Hierbei würden also alle Leerzeichen - egal ob eins oder mehrere hintereinander - ersetzt werden.


----------



## Gucky (16. Sep 2013)

Ist das nicht grade der Witz von replaceAll(), dass diese Methode wirklich alles ersetzt, was im ersten String steht?

str="Strrrrrrrrrrrrrrrrring";
str1=str.replaceAll("r","");
System.out.println(str1); //Sting

Oder liege ich da falsch?


----------



## geqoo (17. Sep 2013)

Das ist richtig. Der Ausdruck von replaceAll wird aber als regulärer Ausdruck interpretiert, wenn ich mich nicht irre. Durch das + Zeichen von Fab werden also nur alle Leerzeichen vor dem "GEFUNDEN" entfernt.


----------



## Gucky (17. Sep 2013)

Also sagt das + dass hinter den Leerzeichen noch was kommen muss? Aber dann werden doch trotzdem alle Leerzeichen entfernt, bis auf die am Stringende.


----------



## geqoo (17. Sep 2013)

Gucky hat gesagt.:


> Also sagt das + dass hinter den Leerzeichen noch was kommen muss?



Nein.



Gucky hat gesagt.:


> Aber dann werden doch trotzdem alle Leerzeichen entfernt, bis auf die am Stringende.



Das + ist ein sog.
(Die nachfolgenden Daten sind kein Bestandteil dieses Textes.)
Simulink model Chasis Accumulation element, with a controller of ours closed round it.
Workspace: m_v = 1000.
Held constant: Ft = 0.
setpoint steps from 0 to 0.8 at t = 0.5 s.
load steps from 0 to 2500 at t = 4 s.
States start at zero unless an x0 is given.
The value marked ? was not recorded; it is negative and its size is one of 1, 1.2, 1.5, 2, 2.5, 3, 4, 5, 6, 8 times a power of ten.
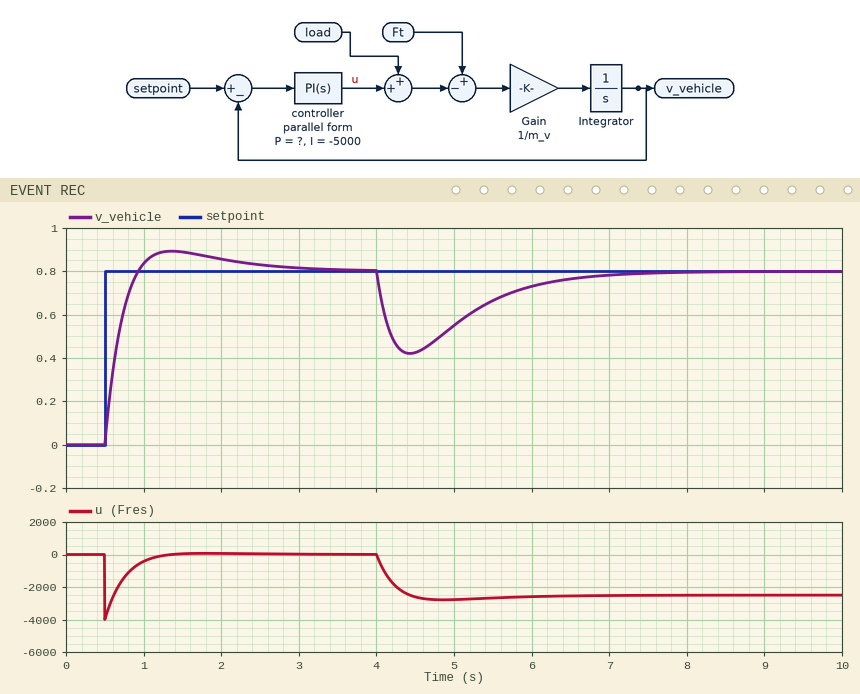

Quantor (engl. quantifier / Wiederholungszeichen).

Auszug aus Wiki:

? 	Der voranstehende Ausdruck ist optional, er kann einmal vorkommen, muss es aber nicht, d. h. der Ausdruck kommt null- oder einmal vor. (Dies entspricht {0,1})
+ 	Der voranstehende Ausdruck muss mindestens einmal vorkommen, darf aber auch mehrfach vorkommen. (Dies entspricht {1,})
* 	Der voranstehende Ausdruck darf beliebig oft (auch keinmal) vorkommen. (Dies entspricht {0,})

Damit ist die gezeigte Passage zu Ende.